Returning to/from Bucharest

Today I am travelling back from Bucharest, believe it or not, via Zurich! The long way round I'm thinking, but there, that is the way of airlines these days.

Every visit to Bucharest, since my first in 1995, is fascinating. Every time there are changes to be seen, many of them for the better, but one is also reminded that in any change of economic situation there are always winners and losers - one can really only hope that there are not too many of the latter and attempt to provide some sort of cushion for it. The city has changed enormously in the last thirteen years and even more changes are on the way. Buildings are being renovated, but it is a slow and expensive process. Many of the owners do not have the funds or the resources to do the work necessary and the city is built on a huge earthquake fault. Worse, many of the buildings were damaged badly in the 1977 and 1984 quakes here and the regime simply didn't bother carrying out the structural repairs necessary - so they papered over the cracks and now the restored owners face the bills.

New building is booming though and one thing is the extensive use of glass - about which I have a few questions in an earthquake zone! Tall buildings are on the drawing boards as well - currently not much more than 40 storeys, but it won't be long before someone decides to reach for the sky. The biggest problem for builders and designers here is the soil - it is millenia of silt from the Danube and another big river with bedrock several hundred feet down - and the high water table (About 4 metres below ground on average.) Then there is a problem with electrolytic action between power cables and steel re-inforcing in some areas where concrete with a certain type has been and is being used.

I am always a little sad to be leaving here, the people are amazingly friendly and generally very hard working. They are also determined to put their country onto the European map and to change their image from "sick" nation to "equal member" - one they are very proud to be part of and they are nothing if not proud as it is.

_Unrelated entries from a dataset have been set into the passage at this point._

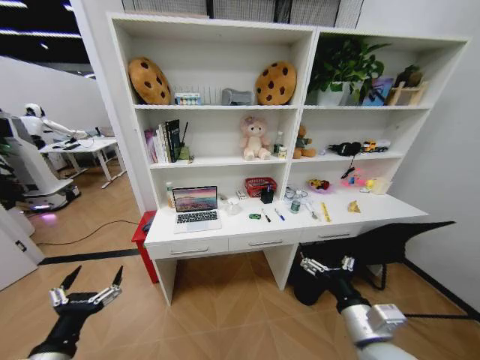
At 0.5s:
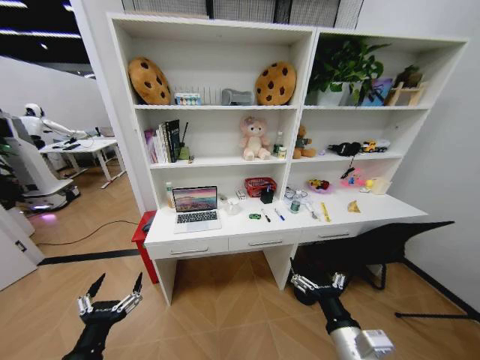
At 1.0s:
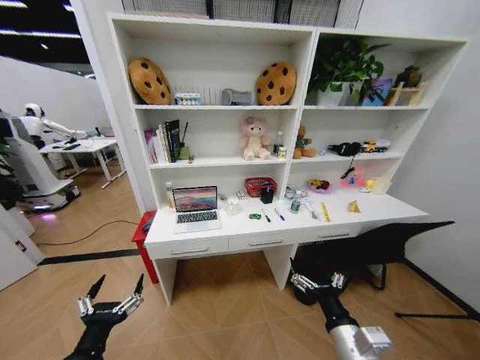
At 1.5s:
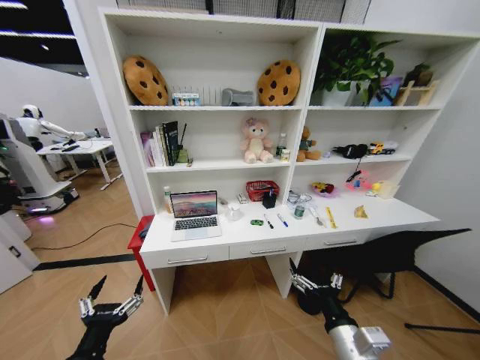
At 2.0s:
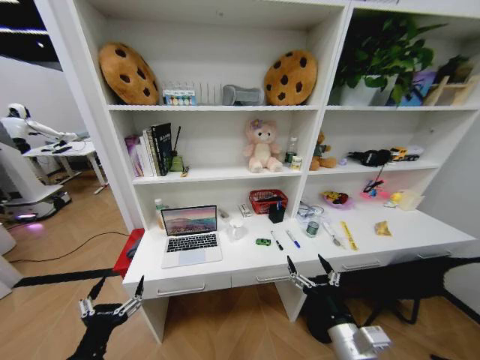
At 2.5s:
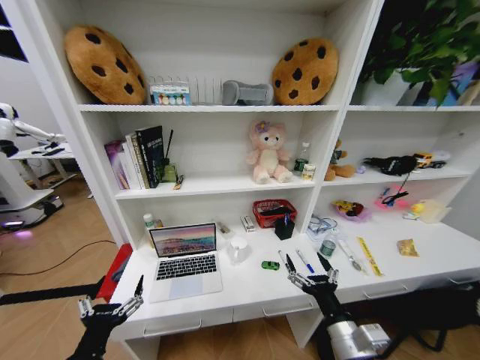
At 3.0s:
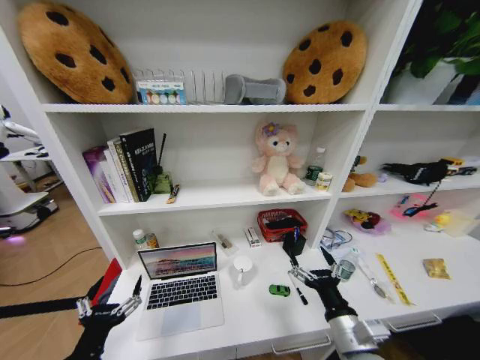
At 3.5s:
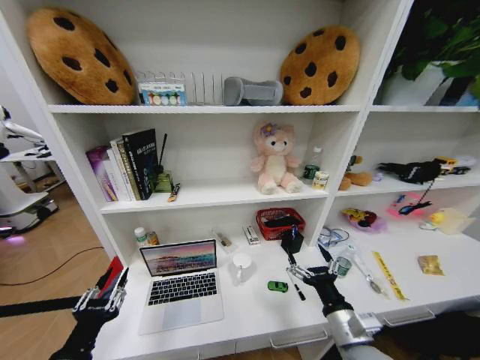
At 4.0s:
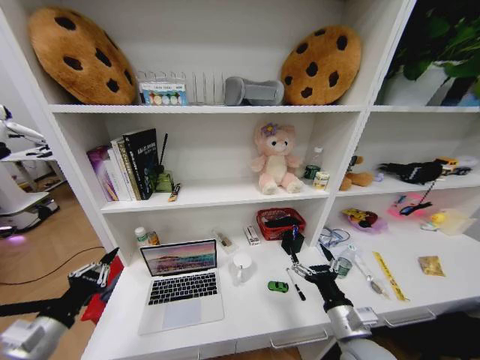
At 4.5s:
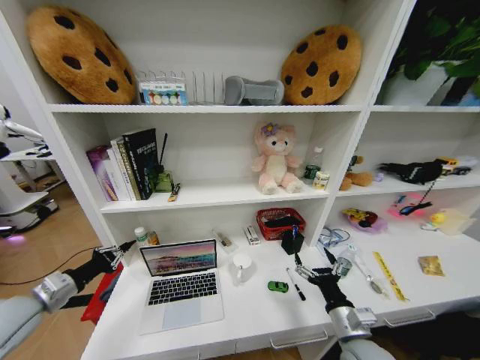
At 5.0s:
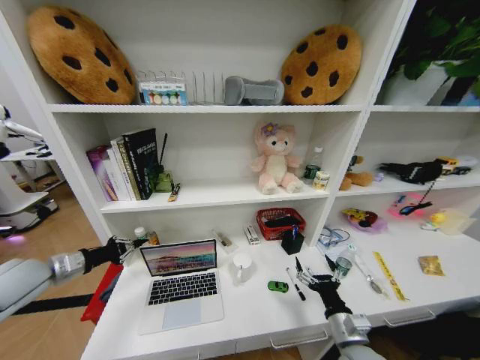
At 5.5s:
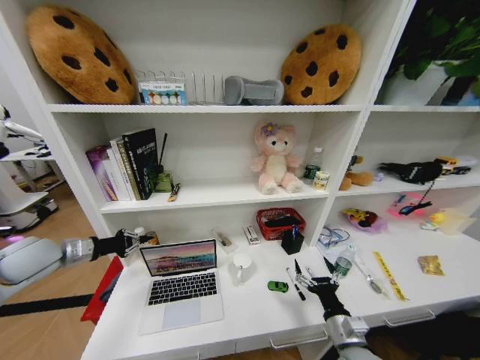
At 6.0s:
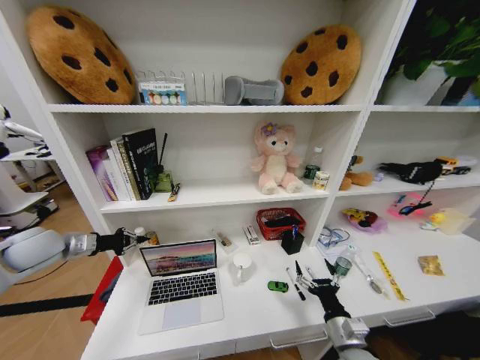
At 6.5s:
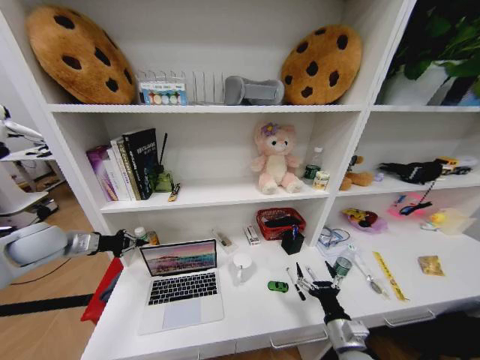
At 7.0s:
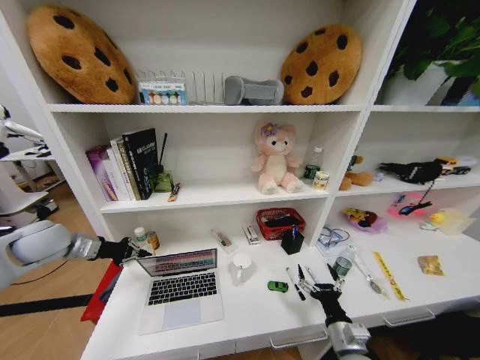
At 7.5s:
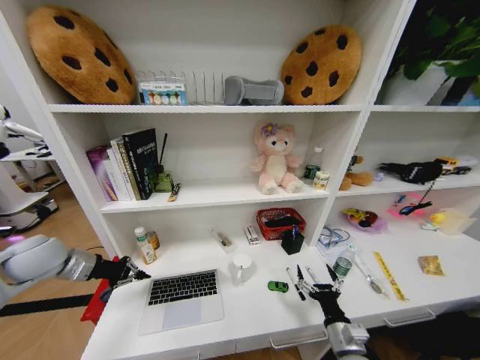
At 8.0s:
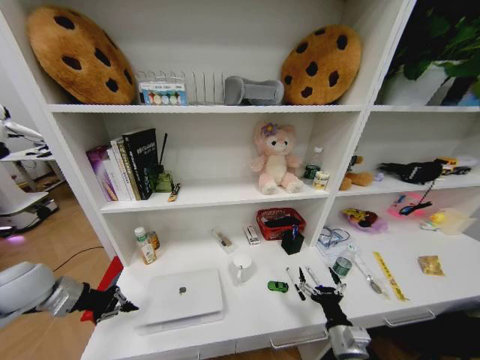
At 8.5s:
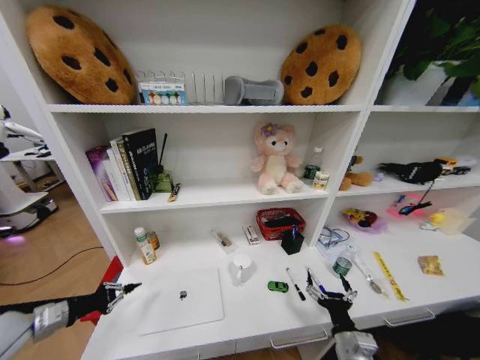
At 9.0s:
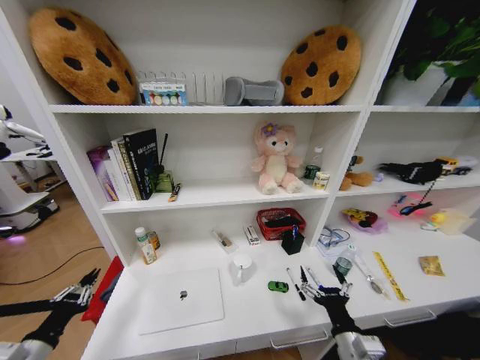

One final thought which sums them up rather well. Near my hotel is the memorial to those who died on the day the Revolution against the Communists and Ceacescu started. I was looking at it and trying to decipher the Romanian Inscription yesterday when an older Romanian joined me and commented, "There are many arguments about whether they are martyrs and whether the Revolution was a revolution. The improvement may be small - but at least we did something."

I wonder if anyone will say the same of us someday?